In an email exchange from Paris, Professor of History Maria Mitchell, who this semester is leading the F&M in Paris program and teaching the history and international relations course "European-American Relations" while in country, said such a collaborative effort works well on several levels.

"Between my class and Professor Landfried's class, we treat many similar topics. Whether they are American or not, all my students attend an American college, so they have experienced life as representatives of America in Paris," Mitchell said. "My students have benefited a great deal intellectually, and they appreciate that there are other F&M students following their adventures closely."   

The semester started with Landfried assigning two of her students to each of Mitchell's students. The eight groups of three have since been exchanging assignments and feedback via a shared Google drive. The first-year students developed a questionnaire for the upperclassmen about their initial experiences, hopes and expectations for life in Paris. In early December, near the semester's end, Mitchell's students evaluated their experiences in another questionnaire, which Landfried's class reviewed.

"We built up a communication with the F&M students in Paris," said Eduardo Alsina, a junior majoring in neuroscience and a preceptor in Landfried's class. "I think what is phenomenal is just the way the communication was structured."

Reviews by Landfried's students of Assistant Professor of Art History Kostis Kourelis' "Architecture and the Great War" exhibit were among the class assignments exchanged. The exhibit had featured architects who fought and then returned to Europe after World War I to help with the reconstruction effort.

Mitchell's students, meanwhile, reported on their excursions to French locales where the presence of Americans is indelible, such as novelist Ernest Hemingway's old haunt, Harry's Bar, in Paris, and the landing sites on the Normandy coast where American troops came ashore on D-Day, June 6, 1944, during World War II.  

For all of the students and faculty, the highlight of the semester was viewing "An American in Paris," inspired by composer George Gershwin's 1928 jazz-influenced symphonic poem. The students at home watched and reviewed the 1951 film version, while the students abroad attended a stage production at the Théâtre du Châtelet in Paris. The show arrives on Broadway in March.

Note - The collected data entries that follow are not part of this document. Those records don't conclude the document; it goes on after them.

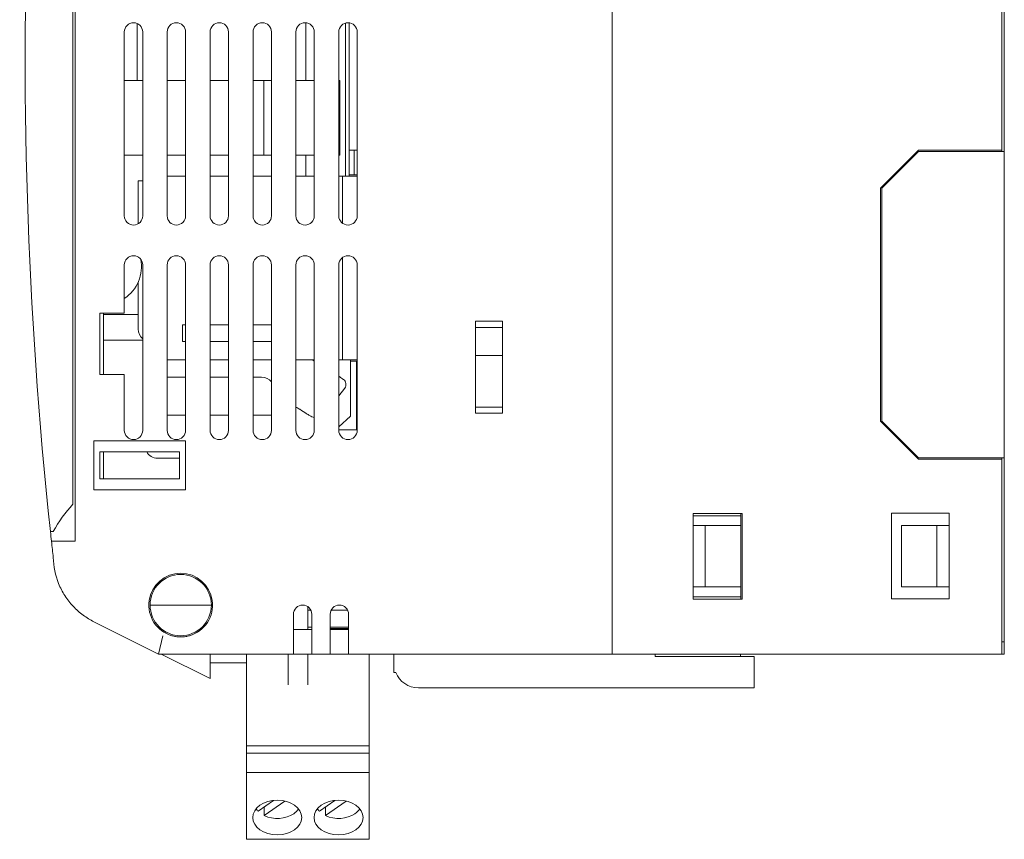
# Model space of a CAD drawing. Header units: millimetres. Extents: x 320 to 477, y -437 to -310.
# Tile 1 of 3: x 332 to 412, y -437 to -370. Entities that reach past the tile are written whole.
import ezdxf

# ---------------------------------------------------------------- set-up
doc = ezdxf.new("R2010")
doc.units = ezdxf.units.MM
doc.header["$MEASUREMENT"] = 0

msp = doc.modelspace()

# ---------------------------------------------------------------- linework, layer by layer
at = {"color": 0, "linetype": 'Continuous', "lineweight": 0, "extrusion": (0, 1, 0)}
for p, q in [((379.87, -325.905), (379.87, -420.905)), ((379.87, -326.405), (379.87, -420.405)), ((336.07, -412.705), (336.07, -334.105)), ((335.87, -334.305), (335.87, -409.677)), ((411.67, -380.805), (411.67, -366.005)), ((411.87, -365.905), (411.87, -380.905)), ((340.07, -371.155), (340.07, -386.155)), ((341.12, -370.468), (341.12, -375.105)), ((341.57, -386.155), (341.57, -371.155)), ((343.57, -371.155), (343.57, -386.155)), ((345.07, -386.155), (345.07, -371.155)), ((347.07, -371.155), (347.07, -386.155)), ((348.57, -386.155), (348.57, -371.155)), ((350.57, -371.155), (350.57, -386.155)), ((352.07, -386.155), (352.07, -371.155)), ((354.07, -371.155), (354.07, -386.155)), ((354.88, -375.105), (354.88, -370.408)), ((355.57, -386.155), (355.57, -371.155)), ((357.57, -371.155), (357.57, -386.155)), ((358.12, -382.905), (358.12, -370.433)), ((358.42, -382.905), (358.42, -370.412)), ((359.07, -386.155), (359.07, -371.155)), ((340.07, -375.105), (341.57, -375.105)), ((343.57, -375.105), (345.07, -375.105)), ((347.07, -375.105), (348.57, -375.105)), ((350.57, -375.105), (351.452, -375.105)), ((351.452, -375.105), (352.07, -375.105)), ((351.452, -375.105), (351.452, -381.205)), ((354.07, -375.105), (355.57, -375.105)), ((357.57, -375.105), (357.647, -375.105)), ((357.647, -375.105), (357.647, -381.205)), ((341.57, -381.205), (340.07, -381.205)), ((345.07, -381.205), (343.57, -381.205)), ((348.57, -381.205), (347.07, -381.205)), ((351.452, -381.205), (350.57, -381.205)), ((352.07, -381.205), (351.452, -381.205)), ((355.57, -381.205), (354.07, -381.205)), ((354.88, -382.905), (354.88, -381.205)), ((357.647, -381.205), (357.57, -381.205)), ((358.42, -380.805), (358.82, -380.805)), ((358.82, -380.805), (358.82, -382.805)), ((359.07, -380.805), (358.82, -380.805)), ((401.77, -383.905), (404.87, -380.805)), ((401.87, -383.905), (404.87, -380.905)), ((404.87, -380.805), (411.67, -380.805)), ((404.87, -380.905), (411.67, -380.905)), ((411.67, -380.805), (411.67, -380.905)), ((411.67, -380.905), (411.87, -380.905)), ((411.87, -380.905), (411.87, -405.905)), ((403.97, -381.805), (403.87, -381.805)), ((343.57, -382.905), (344.798, -382.905)), ((344.798, -382.905), (344.809, -382.905)), ((344.809, -382.905), (345.07, -382.905)), ((347.07, -382.905), (348.57, -382.905)), ((350.57, -382.905), (352.07, -382.905)), ((354.07, -382.905), (354.08, -382.905)), ((354.08, -382.905), (354.557, -382.905)), ((354.557, -382.905), (355.57, -382.905)), ((357.57, -382.905), (357.867, -382.905)), ((357.867, -382.905), (359.07, -382.905)), ((357.867, -382.905), (357.867, -386.753)), ((358.82, -382.805), (358.42, -382.805)), ((359.07, -382.805), (358.82, -382.805)), ((341.57, -383.305), (341.2, -383.305)), ((341.2, -383.305), (341.2, -386.802)), ((401.77, -402.905), (401.77, -383.905)), ((401.87, -402.905), (401.87, -383.905)), ((357.867, -389.558), (357.867, -397.905)), ((340.07, -390.155), (340.07, -394.105)), ((341.57, -403.655), (341.57, -390.155)), ((343.57, -390.155), (343.57, -403.655)), ((345.07, -403.655), (345.07, -390.155)), ((347.07, -390.155), (347.07, -403.655)), ((348.57, -403.655), (348.57, -390.155)), ((350.57, -390.155), (350.57, -403.655)), ((352.07, -403.655), (352.07, -390.155)), ((354.07, -390.155), (354.07, -403.655)), ((355.57, -403.655), (355.57, -390.155)), ((357.57, -390.155), (357.57, -403.655)), ((359.07, -403.655), (359.07, -390.155)), ((341.2, -391.571), (341.2, -395.405)), ((338.07, -399.105), (338.07, -394.105)), ((338.07, -394.105), (340.07, -394.105)), ((338.37, -399.105), (338.37, -394.105)), ((338.37, -394.205), (341.2, -394.205)), ((344.809, -396.405), (344.809, -395.055)), ((345.07, -395.055), (344.809, -395.055)), ((348.57, -395.055), (347.07, -395.055)), ((352.07, -395.055), (350.57, -395.055)), ((368.72, -394.755), (370.92, -394.755)), ((368.72, -402.255), (368.72, -394.755)), ((370.92, -395.255), (368.72, -395.255)), ((370.92, -394.755), (370.92, -402.255)), ((341.57, -396.305), (338.37, -396.305)), ((344.809, -396.405), (345.004, -396.405)), ((345.07, -396.405), (345.004, -396.405)), ((348.57, -396.405), (347.07, -396.405)), ((351.549, -396.405), (350.57, -396.405)), ((352.07, -396.405), (351.549, -396.405)), ((370.92, -397.56), (368.72, -397.56)), ((343.57, -397.905), (344.798, -397.905)), ((345.004, -397.905), (344.798, -397.905)), ((345.004, -397.905), (345.07, -397.905)), ((347.07, -397.905), (348.57, -397.905)), ((350.57, -397.905), (352.07, -397.905)), ((354.08, -397.905), (354.07, -397.905)), ((354.08, -397.905), (354.557, -397.905)), ((354.557, -397.905), (355.57, -397.905)), ((357.867, -397.905), (357.57, -397.905)), ((359.07, -397.905), (357.867, -397.905)), ((358.52, -402.505), (358.52, -397.905)), ((358.52, -398.005), (359.02, -398.005)), ((359.02, -398.005), (359.02, -403.605)), ((359.07, -398.005), (359.02, -398.005)), ((340.07, -399.105), (338.07, -399.105)), ((340.07, -399.105), (340.07, -403.655)), ((343.57, -399.305), (345.07, -399.305)), ((347.07, -399.305), (348.57, -399.305)), ((350.57, -399.305), (351.27, -399.305)), ((358.053, -400.208), (357.57, -400.849)), ((343.57, -402.405), (345.07, -402.405)), ((347.07, -402.405), (348.57, -402.405)), ((350.57, -402.405), (352.07, -402.405)), ((368.72, -401.755), (370.92, -401.755)), ((370.92, -402.255), (368.72, -402.255)), ((358.52, -402.505), (357.57, -403.375)), ((404.87, -406.005), (401.77, -402.905)), ((404.87, -405.905), (401.87, -402.905)), ((359.02, -403.605), (357.57, -403.605)), ((359.07, -403.605), (359.02, -403.605)), ((337.57, -404.505), (345.07, -404.505)), ((337.57, -408.505), (337.57, -404.505)), ((345.07, -404.505), (345.07, -408.505)), ((338.07, -405.405), (338.07, -407.605)), ((344.57, -405.405), (338.07, -405.405)), ((338.37, -407.605), (338.37, -405.405)), ((344.57, -407.605), (344.57, -405.405)), ((403.87, -405.005), (403.97, -405.005)), ((344.57, -405.926), (342.77, -405.926)), ((411.67, -405.905), (404.87, -405.905)), ((411.67, -406.005), (404.87, -406.005)), ((411.67, -405.905), (411.67, -406.005)), ((411.87, -405.905), (411.67, -405.905)), ((411.67, -420.905), (411.67, -406.005)), ((411.87, -405.905), (411.87, -421.905)), ((338.07, -407.605), (344.57, -407.605)), ((345.07, -408.505), (337.57, -408.505)), ((386.47, -417.43), (386.47, -410.43)), ((386.47, -410.43), (390.47, -410.43)), ((390.37, -410.43), (390.37, -410.63)), ((390.47, -410.43), (390.47, -417.43)), ((402.67, -410.405), (407.37, -410.405)), ((402.67, -417.405), (402.67, -410.405)), ((407.37, -410.405), (407.37, -417.405)), ((390.37, -410.63), (386.47, -410.63)), ((390.37, -411.405), (390.37, -410.63)), ((334.272, -411.91), (334.038, -411.91)), ((387.47, -411.405), (386.47, -411.405)), ((390.37, -411.405), (387.47, -411.405)), ((387.47, -411.405), (387.47, -416.405)), ((390.37, -416.405), (390.37, -411.405)), ((403.47, -411.405), (403.47, -416.405)), ((406.37, -411.405), (403.47, -411.405)), ((407.37, -411.405), (406.37, -411.405)), ((406.37, -411.405), (406.37, -416.405)), ((334.124, -412.705), (336.07, -412.705)), ((386.47, -416.405), (387.47, -416.405)), ((387.47, -416.405), (390.37, -416.405)), ((390.37, -417.23), (390.37, -416.405)), ((406.37, -416.405), (403.47, -416.405)), ((407.37, -416.405), (406.37, -416.405)), ((386.47, -417.23), (390.37, -417.23)), ((390.47, -417.43), (386.47, -417.43)), ((390.37, -417.23), (390.37, -417.43)), ((407.37, -417.405), (402.67, -417.405)), ((342.17, -417.905), (347.17, -417.905)), ((355.05, -418.75), (355.05, -418.041)), ((355.05, -418.332), (355.297, -418.332)), ((356.943, -418.332), (358.297, -418.332)), ((337.587, -419.264), (339.87, -420.405)), ((353.87, -420.405), (353.87, -418.655)), ((355.05, -419.905), (355.05, -418.75)), ((355.37, -418.655), (355.37, -420.405)), ((356.87, -420.405), (356.87, -418.655)), ((358.37, -418.655), (358.37, -420.405)), ((355.37, -419.905), (353.87, -419.905)), ((355.05, -419.705), (355.37, -419.705)), ((356.87, -419.705), (358.37, -419.705)), ((356.87, -419.805), (358.37, -419.805)), ((358.37, -419.905), (356.87, -419.905)), ((339.87, -420.405), (342.87, -421.905)), ((343.224, -420.405), (342.87, -421.905)), ((353.87, -420.405), (353.87, -421.905)), ((355.37, -421.905), (355.37, -420.405)), ((356.87, -420.405), (356.87, -421.905)), ((358.37, -421.905), (358.37, -420.405)), ((379.87, -421.905), (379.87, -420.905)), ((411.67, -420.905), (411.67, -421.905)), ((411.67, -420.905), (411.87, -420.905)), ((342.87, -421.905), (353.87, -421.905)), ((347.07, -423.905), (343.07, -421.905)), ((347.07, -421.905), (347.07, -422.228)), ((347.07, -423.905), (347.07, -422.228)), ((350.05, -424.512), (350.05, -421.905)), ((353.45, -424.207), (353.45, -421.905)), ((353.87, -421.905), (355.37, -421.905)), ((355.05, -424.207), (355.05, -421.905)), ((355.37, -421.905), (356.87, -421.905)), ((356.87, -421.905), (358.37, -421.905)), ((358.37, -421.905), (379.87, -421.905)), ((360.05, -424.512), (360.05, -421.905)), ((362.07, -423.405), (362.07, -421.905)), ((411.67, -421.905), (379.87, -421.905)), ((383.37, -422.105), (383.37, -421.905)), ((391.47, -422.105), (383.37, -422.105)), ((390.351, -421.905), (390.351, -422.105)), ((391.47, -422.105), (391.47, -424.655)), ((411.67, -421.905), (411.87, -421.905)), ((350.05, -422.605), (347.07, -422.605)), ((362.216, -423.405), (362.07, -423.405)), ((350.05, -425.106), (350.05, -424.512)), ((353.45, -424.398), (353.45, -424.207)), ((355.05, -424.398), (355.05, -424.207)), ((360.05, -425.106), (360.05, -424.512)), ((364.07, -424.655), (391.47, -424.655)), ((350.05, -429.375), (350.05, -425.106)), ((360.05, -429.375), (360.05, -425.106)), ((350.05, -429.975), (350.05, -429.375)), ((350.05, -429.375), (360.05, -429.375)), ((360.05, -429.975), (360.05, -429.375)), ((350.05, -429.975), (360.05, -429.975)), ((350.05, -431.561), (350.05, -429.975)), ((360.05, -431.561), (360.05, -429.975)), ((350.05, -431.773), (350.05, -431.561)), ((350.05, -431.561), (360.05, -431.561)), ((350.05, -432.48), (350.05, -431.773)), ((360.05, -431.773), (360.05, -431.561)), ((360.05, -432.48), (360.05, -431.773)), ((350.05, -436.864), (350.05, -432.48)), ((360.05, -436.864), (360.05, -432.48)), ((352.244, -433.84), (350.988, -434.728)), ((351.483, -435.078), (353.162, -433.891)), ((351.483, -434.378), (351.483, -435.078)), ((357.244, -433.84), (355.988, -434.728)), ((356.483, -435.078), (358.162, -433.891)), ((356.483, -434.378), (356.483, -435.078)), ((350.05, -437.01), (350.05, -436.864)), ((350.05, -437.01), (360.05, -437.01)), ((360.05, -437.01), (360.05, -436.864))]:
    msp.add_line(p, q, dxfattribs=at)
at = {"color": 0, "linetype": 'Continuous', "lineweight": 0, "extrusion": (0, 0, -1)}
for centre, radius, start, end in [((-694.972, -373.305), 362.992, 353.89496, 2.49672), ((-338.37, -390.305), 3.1, 168.55517, 236.74357), ((-342.2, -395.405), 1, 309.05012, 0), ((-344.813, -417.771), 22.5, 124.53893, 125.43781), ((-351.27, -400.305), 1, 90, 143.1301), ((-344.819, -417.995), 18.689, 120.64329, 120.76697), ((-342.77, -404.926), 1, 270, 331.34333), ((-694.972, -373.305), 362.992, 353.76871, 353.89496), ((-340.27, -413.897), 6, 337.97467, 358.68138), ((-344.67, -417.905), 2.6, 285.94237, 254.05763), ((-344.67, -417.905), 2.5, 0, 180), ((-344.67, -417.905), 2.5, 180, 0), ((-364.07, -422.655), 2, 270, 337.97569)]:
    msp.add_arc(centre, radius, start, end, dxfattribs=at)
at = {"color": 0, "linetype": 'Continuous', "lineweight": 0}
for centre, radius, start, end in [((340.82, -371.155), 0.75, 0, 180), ((344.32, -371.155), 0.75, 0, 180), ((347.82, -371.155), 0.75, 0, 180), ((351.32, -371.155), 0.75, 0, 180), ((354.82, -371.155), 0.75, 0, 180), ((358.32, -371.155), 0.75, 0, 180), ((340.82, -386.155), 0.75, 180, 0), ((344.32, -386.155), 0.75, 180, 0), ((347.82, -386.155), 0.75, 180, 0), ((351.32, -386.155), 0.75, 180, 0), ((354.82, -386.155), 0.75, 180, 0), ((358.32, -386.155), 0.75, 180, 0), ((340.82, -390.155), 0.75, 0, 180), ((344.32, -390.155), 0.75, 0, 180), ((347.82, -390.155), 0.75, 0, 180), ((351.32, -390.155), 0.75, 0, 180), ((354.82, -390.155), 0.75, 0, 180), ((358.32, -390.155), 0.75, 0, 180), ((357.654, -399.907), 0.5, 322.99012, 54.29241), ((344.67, -417.905), 18.689, 58.82282, 58.9465), ((355.74, -401.612), 1, 236.31218, 260.19079), ((340.82, -403.655), 0.75, 180, 0), ((344.32, -403.655), 0.75, 180, 0), ((347.82, -403.655), 0.75, 180, 0), ((351.32, -403.655), 0.75, 180, 0), ((354.82, -403.655), 0.75, 180, 0), ((358.32, -403.655), 0.75, 180, 0), ((344.87, -417.805), 12.128, 137.91162, 150.91536), ((694.972, -373.305), 362.992, 186.23129, 186.44249), ((354.62, -418.655), 0.75, 0, 180), ((357.62, -418.655), 0.75, 0, 180)]:
    msp.add_arc(centre, radius, start, end, dxfattribs=at)
for centre, major_axis in [((352.55, -435.238), (-2, 0)), ((352.55, -435.238), (2, 0)), ((357.55, -435.238), (-2, 0)), ((357.55, -435.238), (2, 0))]:
    msp.add_ellipse(centre, major_axis=major_axis, ratio=0.707107, start_param=-1.570796, end_param=1.570796, dxfattribs=at)
at = {"color": 0, "linetype": 'Continuous', "lineweight": 0, "extrusion": (0, 0, -1)}
for centre, start_param, end_param in [((352.55, -433.974), -0.599286, -0.422569), ((352.55, -433.974), -2.719024, -2.356194), ((357.55, -433.974), -0.599286, -0.422569), ((357.55, -433.974), -2.719024, -2.356194), ((352.55, -433.974), -2.356194, -0.97151), ((357.55, -433.974), -2.356194, -0.97151)]:
    msp.add_ellipse(centre, major_axis=(-1.891, 0), ratio=0.707107, start_param=start_param, end_param=end_param, dxfattribs=at)
at = {"color": 0, "linetype": 'Continuous', "lineweight": 0}
msp.add_open_spline([(355.37, -397.905), (355.436, -397.941), (355.503, -397.976), (355.57, -398.012)], degree=3, dxfattribs=at)
for points, knots in [([(357.945, -399.501), (357.945, -399.501), (357.937, -399.495), (357.921, -399.484), (357.907, -399.474), (357.886, -399.459), (357.859, -399.44)], [-14.9471083, -14.9471083, -14.9471083, -14.9471083, -14.6532779, -14.6532779, -14.6532779, -14.3897905, -14.3897905, -14.3897905, -14.3897905]), ([(354.311, -401.895), (354.251, -401.859), (354.191, -401.823), (354.111, -401.777), (354.091, -401.764), (354.07, -401.752)], [6.0459501, 6.0459501, 6.0459501, 6.0459501, 6.2656614, 6.2656614, 6.3441325, 6.3441325, 6.3441325, 6.3441325]), ([(354.38, -401.936), (354.575, -402.052), (354.768, -402.173), (354.914, -402.266), (355.038, -402.346), (355.127, -402.405), (355.165, -402.43), (355.179, -402.44), (355.186, -402.444), (355.186, -402.444)], [6.04595, 6.04595, 6.04595, 6.04595, 6.763791, 6.763791, 6.763791, 7.381108, 7.381108, 7.381108, 7.610924, 7.610924, 7.610924, 7.610924]), ([(334.708, -416.147), (334.848, -416.494), (335.02, -416.825), (335.419, -417.448), (335.647, -417.739), (336.147, -418.271), (336.419, -418.512), (336.989, -418.933), (337.287, -419.114), (337.587, -419.264)], [9.761732, 9.761732, 9.761732, 9.761732, 10.884022, 10.884022, 12.006311, 12.006311, 13.128601, 13.128601, 14.250891, 14.250891, 14.250891, 14.250891]), ([(345.384, -420.405), (345.285, -420.434), (345.184, -420.456), (344.943, -420.495), (344.804, -420.505), (344.536, -420.505), (344.397, -420.495), (344.156, -420.456), (344.055, -420.434), (343.956, -420.405)], [4.094755, 4.094755, 4.094755, 4.094755, 4.385211, 4.385211, 4.787063, 4.787063, 5.188915, 5.188915, 5.47937, 5.47937, 5.47937, 5.47937])]:
    msp.add_open_spline(points, degree=3, knots=knots, dxfattribs=at)

doc.saveas('drawing.dxf')

One of Landfried's first-year students, Elif Basci, said she enjoyed exchanging knowledge and insights.

"It gives you a different perspective, especially since they're F&M students and we can relate to them. It's a connection to the subject," Basci said. "When it all comes together, it makes sense and is very fulfilling."

From the enthusiasm expressed by the students, it's difficult to determine which class benefitted the most from the collaboration.

Said Mitchell of her students: "They didn't realize that as students from an American college in Paris they would be the subject of a class. They were inspired."